Path to AGI
Incomplete Ideas towards Artificial General Intelligence
What changed in the last decade?
- Large-scale pre-training data.
- Bigger models with more parameters.
- More compute (FLOPS).
- General purpose learning algorithms and architectures over task-specific methods e.g. Transformers.
- Old school optimization technique e.g. Gradient Descent and Loss Function e.g. CrossEntropy are enough.
- Less human-engineered labels and features e.g. Self-Supervised Learning from raw data.
“The bitter Lesson” from Richard Sutton (2019).
What is Missing
- Sparsity for less expensive Models (better resource allocation / compute per token) e.g. Sparse Attention.
- Dynamic Compute (Flops per Token) depending on the difficulty of the task e.g. Routing Networks / Mixtures of Experts (MoE).
- Embodiment and Interaction with the Physical World e.g. Robotics and Simulation Environments (Embodied AI + Sim2Real).

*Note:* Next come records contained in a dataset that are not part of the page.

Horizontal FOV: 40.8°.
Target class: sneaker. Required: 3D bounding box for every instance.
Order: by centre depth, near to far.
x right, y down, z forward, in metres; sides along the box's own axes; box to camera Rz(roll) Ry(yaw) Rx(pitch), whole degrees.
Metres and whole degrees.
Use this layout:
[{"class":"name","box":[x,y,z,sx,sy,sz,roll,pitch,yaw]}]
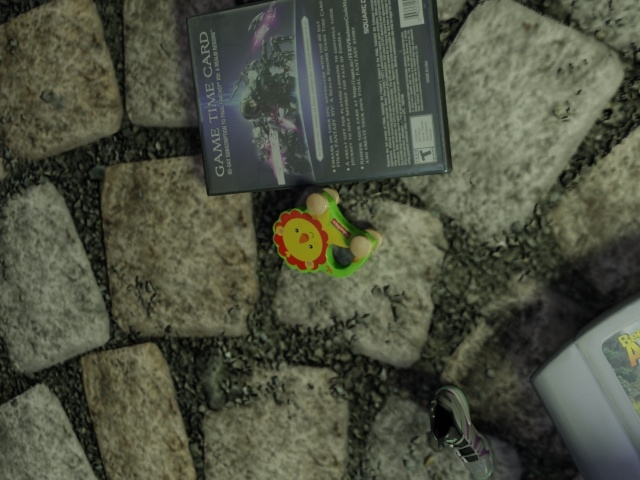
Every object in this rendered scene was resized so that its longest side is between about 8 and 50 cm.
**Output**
[{"class":"sneaker","box":[0.131,0.195,0.837,0.038,0.069,0.098,-31,83,26]}]

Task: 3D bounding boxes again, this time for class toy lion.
[{"class":"toy lion","box":[0.000,0.000,0.895,0.100,0.034,0.096,44,122,8]}]

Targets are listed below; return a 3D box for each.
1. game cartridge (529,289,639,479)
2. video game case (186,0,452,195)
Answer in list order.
[{"class":"game cartridge","box":[0.341,0.121,0.740,0.294,0.060,0.196,-32,79,25]},{"class":"video game case","box":[-0.008,-0.154,0.881,0.274,0.026,0.196,-4,95,27]}]

- Unsupervised and Self-supervised Learning for generalization and One-shot Learning.
Pitfalls
- Human Engineered Feature Methods
- Task Specific Datasets for Training
- Human-designed Heuristics and Domain Knowledge Methods
- Antropomorphizing AI
What GPT-2 Does
Learns a probability distribution from a highly dimensional space. Our model then learns to sample from this learned distribution representing the training data. We use a generalized task which is to predict the next frame’s representation (token embedding).
During inference, we sample auto-regressively from this learned distribution, in other words, we generate more data by sampling from a distribution. Instead of sampling word tokens, we sample image tokens which can then be classified into categories of actions, objects, etc.